Data for analysis =
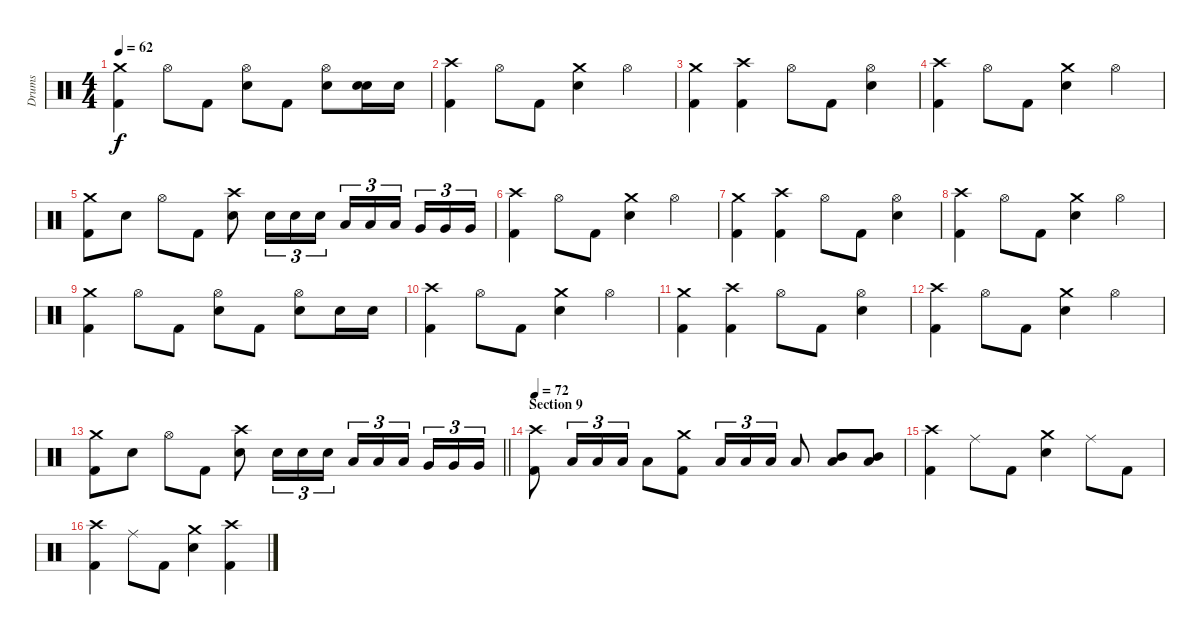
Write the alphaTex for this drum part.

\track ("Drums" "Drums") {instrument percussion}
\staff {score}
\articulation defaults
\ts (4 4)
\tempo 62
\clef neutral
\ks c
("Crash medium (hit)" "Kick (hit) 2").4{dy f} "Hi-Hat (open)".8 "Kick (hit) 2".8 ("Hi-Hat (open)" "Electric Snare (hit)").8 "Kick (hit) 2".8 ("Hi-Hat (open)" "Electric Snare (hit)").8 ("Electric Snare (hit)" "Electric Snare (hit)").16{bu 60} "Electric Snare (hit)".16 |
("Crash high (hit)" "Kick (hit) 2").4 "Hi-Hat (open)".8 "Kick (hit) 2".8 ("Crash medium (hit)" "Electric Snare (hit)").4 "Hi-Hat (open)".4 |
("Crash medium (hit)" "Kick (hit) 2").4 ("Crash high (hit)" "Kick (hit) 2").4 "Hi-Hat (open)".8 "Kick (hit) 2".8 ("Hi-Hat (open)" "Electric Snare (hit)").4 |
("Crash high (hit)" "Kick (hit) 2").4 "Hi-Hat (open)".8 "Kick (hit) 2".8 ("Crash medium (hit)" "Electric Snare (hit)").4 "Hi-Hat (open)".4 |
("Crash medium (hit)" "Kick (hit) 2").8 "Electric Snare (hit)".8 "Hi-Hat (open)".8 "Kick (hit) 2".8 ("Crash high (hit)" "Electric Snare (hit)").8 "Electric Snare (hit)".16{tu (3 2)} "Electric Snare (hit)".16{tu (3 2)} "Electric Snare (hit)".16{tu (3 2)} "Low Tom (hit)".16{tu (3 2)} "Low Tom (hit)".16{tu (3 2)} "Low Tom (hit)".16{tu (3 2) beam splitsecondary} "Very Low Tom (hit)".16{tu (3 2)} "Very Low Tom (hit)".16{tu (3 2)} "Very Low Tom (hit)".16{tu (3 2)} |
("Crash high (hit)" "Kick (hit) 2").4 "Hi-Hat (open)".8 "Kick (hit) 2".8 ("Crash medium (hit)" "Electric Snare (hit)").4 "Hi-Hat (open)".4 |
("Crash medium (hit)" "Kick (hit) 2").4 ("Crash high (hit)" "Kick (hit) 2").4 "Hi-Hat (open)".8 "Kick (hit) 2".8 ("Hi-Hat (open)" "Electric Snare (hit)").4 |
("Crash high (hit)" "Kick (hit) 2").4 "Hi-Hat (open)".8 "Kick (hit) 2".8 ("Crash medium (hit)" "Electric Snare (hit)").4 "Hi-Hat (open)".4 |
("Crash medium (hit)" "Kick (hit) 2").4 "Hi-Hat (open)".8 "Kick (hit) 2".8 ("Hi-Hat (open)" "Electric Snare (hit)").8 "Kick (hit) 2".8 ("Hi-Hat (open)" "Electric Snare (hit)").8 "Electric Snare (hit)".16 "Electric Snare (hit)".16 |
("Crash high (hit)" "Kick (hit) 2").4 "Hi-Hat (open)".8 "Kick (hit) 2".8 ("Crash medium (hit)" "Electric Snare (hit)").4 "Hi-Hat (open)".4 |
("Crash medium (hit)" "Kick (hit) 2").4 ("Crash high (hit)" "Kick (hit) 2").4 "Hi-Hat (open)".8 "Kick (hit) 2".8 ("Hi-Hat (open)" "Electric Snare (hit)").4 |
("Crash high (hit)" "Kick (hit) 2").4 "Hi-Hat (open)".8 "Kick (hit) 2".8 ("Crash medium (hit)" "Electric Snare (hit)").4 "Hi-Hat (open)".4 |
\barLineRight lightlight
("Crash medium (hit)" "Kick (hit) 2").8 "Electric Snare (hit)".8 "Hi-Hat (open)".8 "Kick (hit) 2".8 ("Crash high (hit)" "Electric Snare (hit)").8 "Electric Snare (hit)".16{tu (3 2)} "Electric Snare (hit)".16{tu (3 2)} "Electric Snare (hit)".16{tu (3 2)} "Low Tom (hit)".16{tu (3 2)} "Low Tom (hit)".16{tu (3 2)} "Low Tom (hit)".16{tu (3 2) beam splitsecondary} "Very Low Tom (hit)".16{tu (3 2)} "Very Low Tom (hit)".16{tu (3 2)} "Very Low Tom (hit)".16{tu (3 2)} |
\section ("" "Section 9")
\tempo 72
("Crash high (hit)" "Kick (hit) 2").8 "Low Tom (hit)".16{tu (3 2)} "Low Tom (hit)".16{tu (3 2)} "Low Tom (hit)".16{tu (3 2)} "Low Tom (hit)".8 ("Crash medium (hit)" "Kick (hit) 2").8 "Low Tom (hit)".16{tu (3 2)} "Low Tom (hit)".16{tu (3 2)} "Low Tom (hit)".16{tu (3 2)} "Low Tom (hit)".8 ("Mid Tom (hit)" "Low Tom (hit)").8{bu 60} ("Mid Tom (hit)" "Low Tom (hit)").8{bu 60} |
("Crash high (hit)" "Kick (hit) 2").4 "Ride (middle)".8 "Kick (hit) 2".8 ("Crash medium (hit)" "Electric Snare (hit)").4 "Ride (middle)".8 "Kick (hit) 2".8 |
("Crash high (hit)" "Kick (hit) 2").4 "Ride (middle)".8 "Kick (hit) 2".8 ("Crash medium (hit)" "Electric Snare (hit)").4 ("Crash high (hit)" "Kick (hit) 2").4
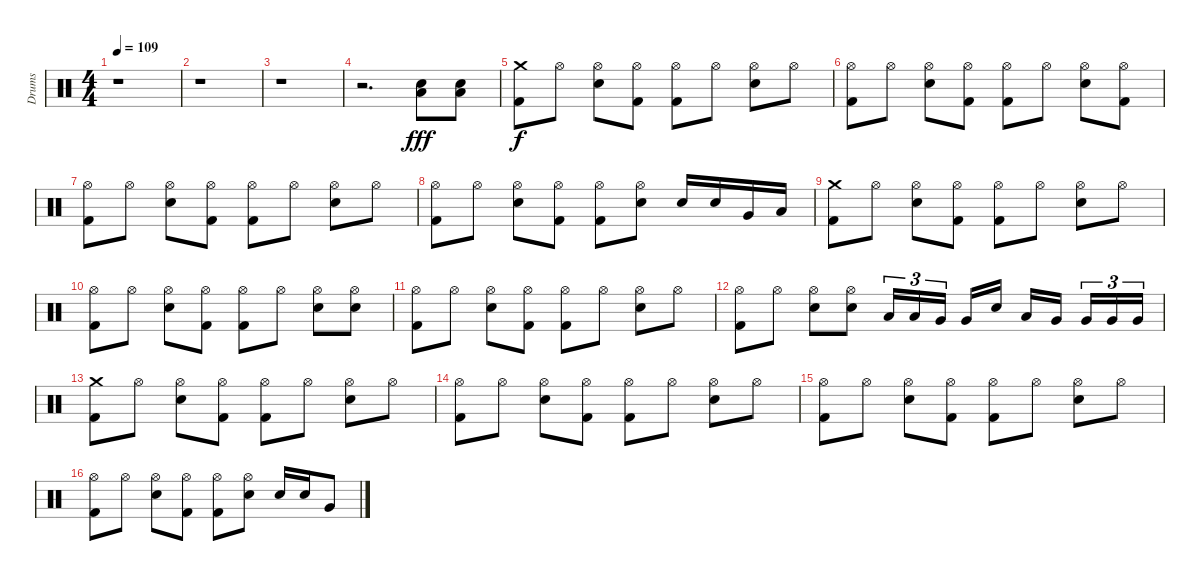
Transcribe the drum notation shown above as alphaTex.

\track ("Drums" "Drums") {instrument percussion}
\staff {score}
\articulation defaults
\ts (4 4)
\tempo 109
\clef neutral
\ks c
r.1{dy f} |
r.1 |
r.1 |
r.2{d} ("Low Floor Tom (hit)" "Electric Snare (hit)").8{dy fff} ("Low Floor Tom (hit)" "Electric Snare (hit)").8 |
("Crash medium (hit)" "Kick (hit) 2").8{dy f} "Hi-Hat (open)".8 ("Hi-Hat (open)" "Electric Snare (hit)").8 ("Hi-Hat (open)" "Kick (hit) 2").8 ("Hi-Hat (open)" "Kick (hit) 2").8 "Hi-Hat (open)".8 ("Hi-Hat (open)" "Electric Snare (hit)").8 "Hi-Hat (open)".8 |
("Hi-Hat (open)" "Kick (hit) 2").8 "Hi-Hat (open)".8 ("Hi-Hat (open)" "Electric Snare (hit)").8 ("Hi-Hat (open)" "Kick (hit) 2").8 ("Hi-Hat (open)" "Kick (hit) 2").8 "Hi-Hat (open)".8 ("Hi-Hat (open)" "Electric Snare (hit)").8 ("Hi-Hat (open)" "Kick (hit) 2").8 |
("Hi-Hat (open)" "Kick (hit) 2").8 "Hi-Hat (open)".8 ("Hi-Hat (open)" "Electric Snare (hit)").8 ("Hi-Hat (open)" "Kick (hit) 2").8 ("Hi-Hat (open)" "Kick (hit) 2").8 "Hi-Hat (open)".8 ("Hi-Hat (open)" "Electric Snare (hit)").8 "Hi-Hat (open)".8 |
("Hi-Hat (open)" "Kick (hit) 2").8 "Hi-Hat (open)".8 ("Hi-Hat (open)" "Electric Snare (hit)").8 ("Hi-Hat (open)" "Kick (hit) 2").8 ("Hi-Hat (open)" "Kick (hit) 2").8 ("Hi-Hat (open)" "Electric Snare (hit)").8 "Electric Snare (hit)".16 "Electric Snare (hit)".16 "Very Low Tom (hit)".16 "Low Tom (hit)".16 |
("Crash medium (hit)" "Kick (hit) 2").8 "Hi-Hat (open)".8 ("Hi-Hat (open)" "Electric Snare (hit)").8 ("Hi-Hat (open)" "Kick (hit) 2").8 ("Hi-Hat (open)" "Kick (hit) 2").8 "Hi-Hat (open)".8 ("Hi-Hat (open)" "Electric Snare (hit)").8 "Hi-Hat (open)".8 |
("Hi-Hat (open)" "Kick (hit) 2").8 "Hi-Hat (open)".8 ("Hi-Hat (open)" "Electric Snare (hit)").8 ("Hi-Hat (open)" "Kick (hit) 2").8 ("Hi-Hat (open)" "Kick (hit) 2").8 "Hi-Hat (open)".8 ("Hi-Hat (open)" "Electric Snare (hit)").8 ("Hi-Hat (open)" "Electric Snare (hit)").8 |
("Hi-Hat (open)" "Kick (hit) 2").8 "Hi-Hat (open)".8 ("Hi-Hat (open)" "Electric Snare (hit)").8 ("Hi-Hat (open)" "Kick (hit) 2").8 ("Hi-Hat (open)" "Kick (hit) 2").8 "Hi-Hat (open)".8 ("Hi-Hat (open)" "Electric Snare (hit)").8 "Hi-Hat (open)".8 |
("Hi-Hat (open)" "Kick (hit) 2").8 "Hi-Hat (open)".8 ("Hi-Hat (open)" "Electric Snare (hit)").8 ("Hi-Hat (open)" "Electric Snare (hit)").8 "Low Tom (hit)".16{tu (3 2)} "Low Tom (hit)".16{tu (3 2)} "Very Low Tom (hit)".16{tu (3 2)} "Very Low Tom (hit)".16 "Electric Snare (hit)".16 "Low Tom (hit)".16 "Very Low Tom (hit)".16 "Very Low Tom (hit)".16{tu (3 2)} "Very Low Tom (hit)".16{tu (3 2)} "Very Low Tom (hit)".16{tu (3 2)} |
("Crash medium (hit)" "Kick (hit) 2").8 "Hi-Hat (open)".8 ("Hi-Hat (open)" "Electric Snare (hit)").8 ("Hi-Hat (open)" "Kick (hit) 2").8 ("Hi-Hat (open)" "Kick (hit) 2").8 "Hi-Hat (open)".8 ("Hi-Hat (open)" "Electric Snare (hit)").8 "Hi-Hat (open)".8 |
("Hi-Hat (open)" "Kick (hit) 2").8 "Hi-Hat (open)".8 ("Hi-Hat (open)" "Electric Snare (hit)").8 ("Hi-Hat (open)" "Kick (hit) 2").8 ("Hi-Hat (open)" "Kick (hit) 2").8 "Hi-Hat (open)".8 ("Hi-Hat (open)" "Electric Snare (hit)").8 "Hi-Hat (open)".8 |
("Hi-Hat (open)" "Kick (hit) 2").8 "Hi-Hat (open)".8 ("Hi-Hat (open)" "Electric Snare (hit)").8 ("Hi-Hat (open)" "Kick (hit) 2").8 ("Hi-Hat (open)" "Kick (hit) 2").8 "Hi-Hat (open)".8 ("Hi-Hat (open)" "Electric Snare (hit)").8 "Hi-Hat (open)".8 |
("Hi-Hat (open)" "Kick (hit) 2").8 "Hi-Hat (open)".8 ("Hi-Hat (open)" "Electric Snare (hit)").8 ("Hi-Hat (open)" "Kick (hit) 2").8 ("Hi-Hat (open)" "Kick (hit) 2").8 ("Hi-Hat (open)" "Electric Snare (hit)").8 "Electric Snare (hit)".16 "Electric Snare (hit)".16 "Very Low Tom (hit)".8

Task details = Copy every line of the data above in which the string "Ride" appears.

Answer below =
("Crash high (hit)" "Kick (hit) 2").4 "Ride (middle)".8 "Kick (hit) 2".8 ("Crash medium (hit)" "Electric Snare (hit)").4 "Ride (middle)".8 "Kick (hit) 2".8 |
("Crash high (hit)" "Kick (hit) 2").4 "Ride (middle)".8 "Kick (hit) 2".8 ("Crash medium (hit)" "Electric Snare (hit)").4 ("Crash high (hit)" "Kick (hit) 2").4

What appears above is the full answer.